You've gotta wonder why the evil, demon-run, army-equipped corporation is starting their bid for world domination with the scrap-heap that used to be Tokyo, but then I guess Tokyo is by definition where all demon invasions must start. Maybe it's in the demon corporate charter somewhere.
How they manage to cram that much crazy into 45 minutes of anime consists basically of a complete lack of background or personality and a whole lotta mayhem. Serious mayhem. There is a little teeny bit of drama, but it's mostly just an excuse to blow more stuff up.

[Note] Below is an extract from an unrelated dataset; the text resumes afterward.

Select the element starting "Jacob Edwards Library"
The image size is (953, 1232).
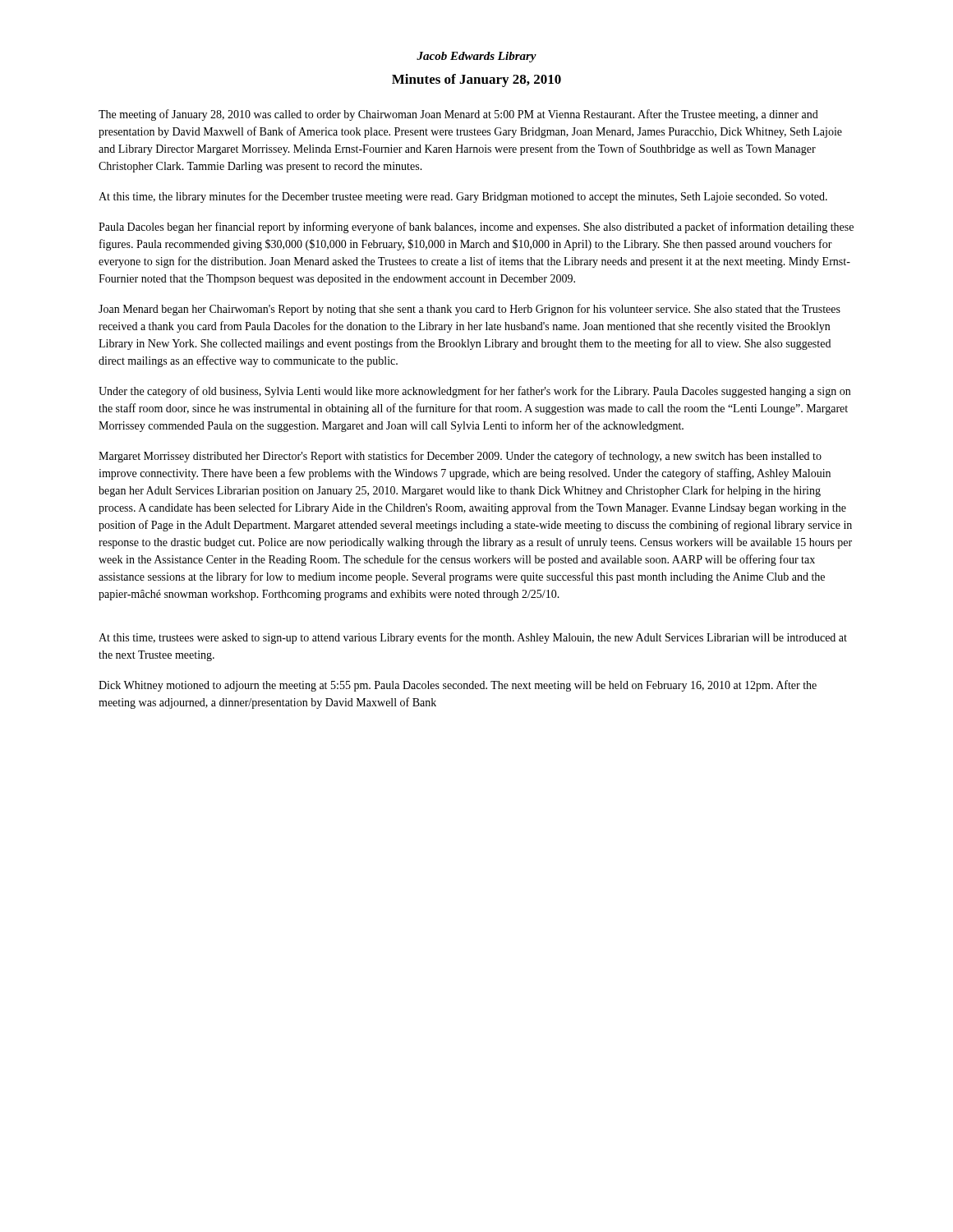click(476, 56)

The high point, somewhat ironically, is the interaction between our hero and Miyuki, who keeps hitting on him; the two have a fun dynamic, and Miyuki in particular has a great look, funky personality, and marvelously expressive face. The rest of the cast basically gets by purely on the "you've got to be kidding" factor, which is worth some laughs all by itself.
The bad guys are sort of the same; the MTV-educated Samurai and the simpering lawyer are amusing minor villains, and the murderous bad guy is quite the opposite--not quite Silence of the Lambs psychotic, but pretty unnerving.
The only real down side is that there isn't more of it; being that it's based on the first of a lengthy series of novels, it has the feel of being set-up for a longer series. Thankfully, it does end on a final-enough note to be satisfying.
Artistically, Suikoden is surprisingly well done. The animation is very smooth, and the fight scenes (both those involving fists and plenty of heavy weapons) look great. The character designs are the most eye-catching, though--sharp, attractive features, distinctive, unusual looks, and very nicely drawn. I enjoyed the visuals entirely on the strength of the two main characters and their impressively expressive faces.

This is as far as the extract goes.